In [1]:
import torch
import torch.nn as nn
import torch.optim as optim
from torch.optim.lr_scheduler import CosineAnnealingLR
from torchvision import datasets, transforms
from torch.utils.data import DataLoader
import timm
from sklearn.metrics import classification_report, confusion_matrix, accuracy_score
import seaborn as sns
import matplotlib.pyplot as plt
import numpy as np
from tqdm import tqdm
import os
import copy

# --- CONFIGURATION ---
config = {
    'data_path': r'dataset_split/',
    'model_name': 'eva02_tiny_patch14_224.mim_in22k',
    'batch_size': 16,
    'img_size': 224,
    'weight_decay': 0.01,
    'epochs': 80,
    'num_workers': 3,
    'pin_memory': True,
    'patience': 12,
    'drop_rate': 0.4,
    'drop_path_rate': 0.2,
    'head_lr': 1e-3,
    'head_epochs': 10,
    'full_train_lr': 5e-5,
    'lr_warmup_epochs': 5,
    'label_smoothing': 0.1,
}

In [2]:
# --- DATA PREPARATION, TRAINING, AND VALIDATION FUNCTIONS ---

def get_data_loaders(data_path, img_size, batch_size, num_workers, pin_memory):
    train_transform = transforms.Compose([
        transforms.RandomResizedCrop(img_size, scale=(0.8, 1.0)),
        transforms.RandomHorizontalFlip(),
        transforms.TrivialAugmentWide(),
        transforms.ToTensor(),
        transforms.Normalize(mean=[0.485, 0.456, 0.406], std=[0.229, 0.224, 0.225]),
    ])
    val_test_transform = transforms.Compose([
        transforms.Resize((img_size, img_size)),
        transforms.ToTensor(),
        transforms.Normalize(mean=[0.485, 0.456, 0.406], std=[0.229, 0.224, 0.225]),
    ])
    train_dataset = datasets.ImageFolder(root=os.path.join(data_path, 'train'), transform=train_transform)
    val_dataset = datasets.ImageFolder(root=os.path.join(data_path, 'val'), transform=val_test_transform)
    test_dataset = datasets.ImageFolder(root=os.path.join(data_path, 'test'), transform=val_test_transform)
    train_loader = DataLoader(train_dataset, batch_size=batch_size, shuffle=True, num_workers=num_workers, pin_memory=pin_memory)
    val_loader = DataLoader(val_dataset, batch_size=batch_size, shuffle=False, num_workers=num_workers, pin_memory=pin_memory)
    test_loader = DataLoader(test_dataset, batch_size=batch_size, shuffle=False, num_workers=num_workers, pin_memory=pin_memory)
    class_names = train_dataset.classes
    print(f"Found classes: {class_names}")
    return train_loader, val_loader, test_loader, class_names

def train_one_epoch(model, dataloader, criterion, optimizer, device):
    model.train()
    running_loss = 0.0
    for inputs, labels in tqdm(dataloader, desc="Training"):
        inputs, labels = inputs.to(device), labels.to(device)
        optimizer.zero_grad()
        outputs = model(inputs)
        loss = criterion(outputs, labels)
        loss.backward()
        optimizer.step()
        running_loss += loss.item() * inputs.size(0)
    return running_loss / len(dataloader.dataset)
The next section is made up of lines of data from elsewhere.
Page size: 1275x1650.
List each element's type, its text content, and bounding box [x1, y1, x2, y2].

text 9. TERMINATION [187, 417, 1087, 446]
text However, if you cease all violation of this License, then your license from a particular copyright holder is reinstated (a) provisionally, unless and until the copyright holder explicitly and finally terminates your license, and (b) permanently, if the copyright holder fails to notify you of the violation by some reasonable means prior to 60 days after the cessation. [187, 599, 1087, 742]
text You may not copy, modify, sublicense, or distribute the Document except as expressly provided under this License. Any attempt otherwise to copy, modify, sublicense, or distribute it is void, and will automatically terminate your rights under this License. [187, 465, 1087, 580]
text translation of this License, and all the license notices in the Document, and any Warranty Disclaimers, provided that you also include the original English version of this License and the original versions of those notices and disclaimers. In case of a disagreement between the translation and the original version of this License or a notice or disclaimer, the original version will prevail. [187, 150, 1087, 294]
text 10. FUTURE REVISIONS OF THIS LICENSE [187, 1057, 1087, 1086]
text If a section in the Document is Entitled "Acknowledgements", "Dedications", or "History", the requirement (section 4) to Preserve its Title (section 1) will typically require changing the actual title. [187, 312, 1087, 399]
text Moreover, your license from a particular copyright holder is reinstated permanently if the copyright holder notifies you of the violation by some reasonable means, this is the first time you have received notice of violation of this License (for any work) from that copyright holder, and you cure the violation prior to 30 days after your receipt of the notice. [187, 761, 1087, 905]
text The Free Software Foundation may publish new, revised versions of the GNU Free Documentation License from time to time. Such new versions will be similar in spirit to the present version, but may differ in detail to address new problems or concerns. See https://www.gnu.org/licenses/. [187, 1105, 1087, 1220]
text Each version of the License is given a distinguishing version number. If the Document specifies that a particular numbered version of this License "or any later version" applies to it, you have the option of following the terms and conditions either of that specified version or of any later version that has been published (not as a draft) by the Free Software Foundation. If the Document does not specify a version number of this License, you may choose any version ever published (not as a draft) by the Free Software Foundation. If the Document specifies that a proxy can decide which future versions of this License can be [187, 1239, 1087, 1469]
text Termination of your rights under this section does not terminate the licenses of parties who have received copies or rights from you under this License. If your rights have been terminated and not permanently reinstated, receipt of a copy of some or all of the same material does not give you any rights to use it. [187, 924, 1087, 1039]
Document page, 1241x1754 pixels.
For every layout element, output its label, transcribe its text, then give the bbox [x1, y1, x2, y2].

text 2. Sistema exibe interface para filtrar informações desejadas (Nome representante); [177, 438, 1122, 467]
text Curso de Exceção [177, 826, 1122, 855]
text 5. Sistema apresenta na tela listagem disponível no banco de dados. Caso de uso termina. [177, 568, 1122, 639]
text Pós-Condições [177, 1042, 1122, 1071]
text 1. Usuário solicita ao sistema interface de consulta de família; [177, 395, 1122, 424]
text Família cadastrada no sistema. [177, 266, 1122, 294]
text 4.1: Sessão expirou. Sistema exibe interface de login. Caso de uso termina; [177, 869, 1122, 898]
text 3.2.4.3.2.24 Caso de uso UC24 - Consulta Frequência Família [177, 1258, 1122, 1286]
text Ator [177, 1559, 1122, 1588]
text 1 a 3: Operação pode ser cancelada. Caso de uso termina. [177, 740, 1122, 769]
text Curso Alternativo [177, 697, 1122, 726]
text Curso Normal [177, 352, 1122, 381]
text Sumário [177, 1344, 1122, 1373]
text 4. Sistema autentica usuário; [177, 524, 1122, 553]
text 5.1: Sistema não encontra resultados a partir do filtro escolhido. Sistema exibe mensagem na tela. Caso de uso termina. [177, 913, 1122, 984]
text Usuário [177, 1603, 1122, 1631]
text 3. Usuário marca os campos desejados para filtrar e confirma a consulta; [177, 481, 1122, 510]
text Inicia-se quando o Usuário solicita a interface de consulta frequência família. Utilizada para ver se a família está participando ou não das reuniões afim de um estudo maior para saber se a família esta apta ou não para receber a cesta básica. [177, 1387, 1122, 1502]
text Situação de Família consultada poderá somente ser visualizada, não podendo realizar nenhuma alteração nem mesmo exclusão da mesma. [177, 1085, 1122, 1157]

def validate_one_epoch(model, dataloader, criterion, device):
    model.eval()
    running_loss = 0.0
    correct_predictions = 0
    with torch.no_grad():
        for inputs, labels in tqdm(dataloader, desc="Validating"):
            inputs, labels = inputs.to(device), labels.to(device)
            outputs = model(inputs)
            loss = criterion(outputs, labels)
            running_loss += loss.item() * inputs.size(0)
            _, preds = torch.max(outputs, 1)
            correct_predictions += torch.sum(preds == labels.data)
    acc = correct_predictions.double() / len(dataloader.dataset)
    return running_loss / len(dataloader.dataset), acc.item()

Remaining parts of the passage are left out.